D’où est venue l’idée du film ? D’où vient la décision d’en faire un film?
Pendant le montage de mon documentaire, Pénélope mon amour, je pensais que j’allais aborder toutes les questions qui me taraudaient autour de la différence, de l’autisme. Je voulais tout y mettre une fois pour toutes et ne plus en parler. Bien mal m’en a pris. J’ai commencé à tirer le fil d’une bobine qui n’arrête pas de s’allonger et de se rembobiner ; qui me pousse à réaliser des petits films satellites auto-produits. J’ai réalisé par ailleurs que filmer en super 8 n’était pas seulement un geste « faute de mieux, faute de temps… » comme je me le suis racontée pendant des années, mais que cela faisait partie de ma méthode de travail. Je filme en super 8, les images restent au fond d’un puits un certain temps, puis une forme de nécessité à prendre la parole me pousse à saisir le seau et à le descendre au fond du puits pour aller chercher les images. Je vois ce qui remonte à la surface sans trop chercher à les maîtriser, les couper, en laissant jouer le hasard.

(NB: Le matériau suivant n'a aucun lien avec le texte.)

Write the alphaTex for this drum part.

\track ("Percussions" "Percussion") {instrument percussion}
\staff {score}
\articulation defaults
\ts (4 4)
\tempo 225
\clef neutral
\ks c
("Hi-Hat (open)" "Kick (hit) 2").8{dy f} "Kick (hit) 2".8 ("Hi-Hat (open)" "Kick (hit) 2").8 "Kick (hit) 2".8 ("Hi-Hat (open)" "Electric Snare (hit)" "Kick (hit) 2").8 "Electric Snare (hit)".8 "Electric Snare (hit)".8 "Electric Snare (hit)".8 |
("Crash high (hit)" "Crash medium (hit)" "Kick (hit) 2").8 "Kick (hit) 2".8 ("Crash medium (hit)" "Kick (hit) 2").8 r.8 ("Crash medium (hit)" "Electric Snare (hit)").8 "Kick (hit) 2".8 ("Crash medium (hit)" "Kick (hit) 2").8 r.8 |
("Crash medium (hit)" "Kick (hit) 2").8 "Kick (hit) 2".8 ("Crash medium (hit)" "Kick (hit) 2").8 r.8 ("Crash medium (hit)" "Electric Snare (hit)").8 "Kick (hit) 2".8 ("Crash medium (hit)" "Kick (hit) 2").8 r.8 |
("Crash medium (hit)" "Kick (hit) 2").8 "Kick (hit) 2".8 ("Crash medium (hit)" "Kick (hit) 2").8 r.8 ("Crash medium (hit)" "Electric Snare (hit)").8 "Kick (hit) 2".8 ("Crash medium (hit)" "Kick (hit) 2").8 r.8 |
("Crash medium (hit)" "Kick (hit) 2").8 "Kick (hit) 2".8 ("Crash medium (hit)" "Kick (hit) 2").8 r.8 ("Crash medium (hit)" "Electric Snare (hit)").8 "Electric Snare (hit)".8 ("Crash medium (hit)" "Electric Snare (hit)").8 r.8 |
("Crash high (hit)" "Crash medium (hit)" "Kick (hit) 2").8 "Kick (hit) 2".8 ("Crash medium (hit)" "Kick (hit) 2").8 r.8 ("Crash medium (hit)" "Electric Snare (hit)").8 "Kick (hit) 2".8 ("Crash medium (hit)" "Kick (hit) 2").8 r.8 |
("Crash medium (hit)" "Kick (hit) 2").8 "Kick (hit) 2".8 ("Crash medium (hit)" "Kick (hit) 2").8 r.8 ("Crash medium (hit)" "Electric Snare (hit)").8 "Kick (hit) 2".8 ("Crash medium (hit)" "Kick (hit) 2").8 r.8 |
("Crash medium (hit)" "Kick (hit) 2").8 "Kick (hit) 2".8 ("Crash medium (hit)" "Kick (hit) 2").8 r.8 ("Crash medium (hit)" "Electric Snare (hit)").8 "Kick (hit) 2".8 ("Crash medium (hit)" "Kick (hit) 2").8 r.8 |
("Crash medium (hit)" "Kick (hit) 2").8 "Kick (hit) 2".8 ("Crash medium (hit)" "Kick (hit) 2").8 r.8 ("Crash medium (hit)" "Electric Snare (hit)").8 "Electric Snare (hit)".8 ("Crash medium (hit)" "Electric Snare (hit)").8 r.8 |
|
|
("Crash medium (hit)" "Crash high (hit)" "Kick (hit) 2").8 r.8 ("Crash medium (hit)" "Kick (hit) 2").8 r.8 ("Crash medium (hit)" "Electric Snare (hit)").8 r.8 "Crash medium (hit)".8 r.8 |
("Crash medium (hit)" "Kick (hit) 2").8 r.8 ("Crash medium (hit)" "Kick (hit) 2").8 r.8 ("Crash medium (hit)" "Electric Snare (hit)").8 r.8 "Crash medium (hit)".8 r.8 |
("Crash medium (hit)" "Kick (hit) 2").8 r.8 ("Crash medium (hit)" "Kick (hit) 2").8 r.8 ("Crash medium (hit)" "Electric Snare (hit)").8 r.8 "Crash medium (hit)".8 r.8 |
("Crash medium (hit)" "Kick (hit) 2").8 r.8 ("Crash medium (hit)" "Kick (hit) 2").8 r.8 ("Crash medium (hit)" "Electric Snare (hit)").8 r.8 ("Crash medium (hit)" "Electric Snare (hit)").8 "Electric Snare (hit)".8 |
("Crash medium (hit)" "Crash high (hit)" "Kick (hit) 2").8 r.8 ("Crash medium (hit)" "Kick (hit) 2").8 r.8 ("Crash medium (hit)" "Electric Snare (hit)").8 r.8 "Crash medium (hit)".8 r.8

Au-delà du constat ponctuel d’un désaccord, vous développez une réflexion d’une plus vaste portée : sur les gestes, la contrainte, la liberté. Pouvez-vous commenter, développer ?
La lettre que je lis fait le constat d’une attente non partagée. Plus que la déception qu’engendre ce constat, cette lettre est un prétexte pour parler des gestes de Pénélope. Je remarque que ces gestes renvoient à quelque chose d’insupportable pour les autres et pour moi aussi. Il faut toujours les interpréter, soit en faveur d’une contrainte pour les « éliminer », soit en faveur « d’un laisser faire ». Il faut toujours y mettre du sens parce que ça nous rassure. J’aime l’expression qu’emploie Deligny pour les caractériser. Il s’arrête au seuil de l’interprétation. Il parle des gestes « faute de quoi que ce soit ».
Avec SUSPENSION, j’essaye d’ausculter l’intérieur de ma psyché, d’observer la relation entre geste et relation. Je me dis que c’est ce que je vais faire, tracer au fil de l’eau, de la façon la plus verticale possible, ce qui me meut dans ce trajet de vie avec Pénélope. Les étapes. Je me sens autorisée grâce à des amis qui me disent « vas-y, vas-y ». Au moment de la fabrication du film, j’ai senti que tout était en suspens.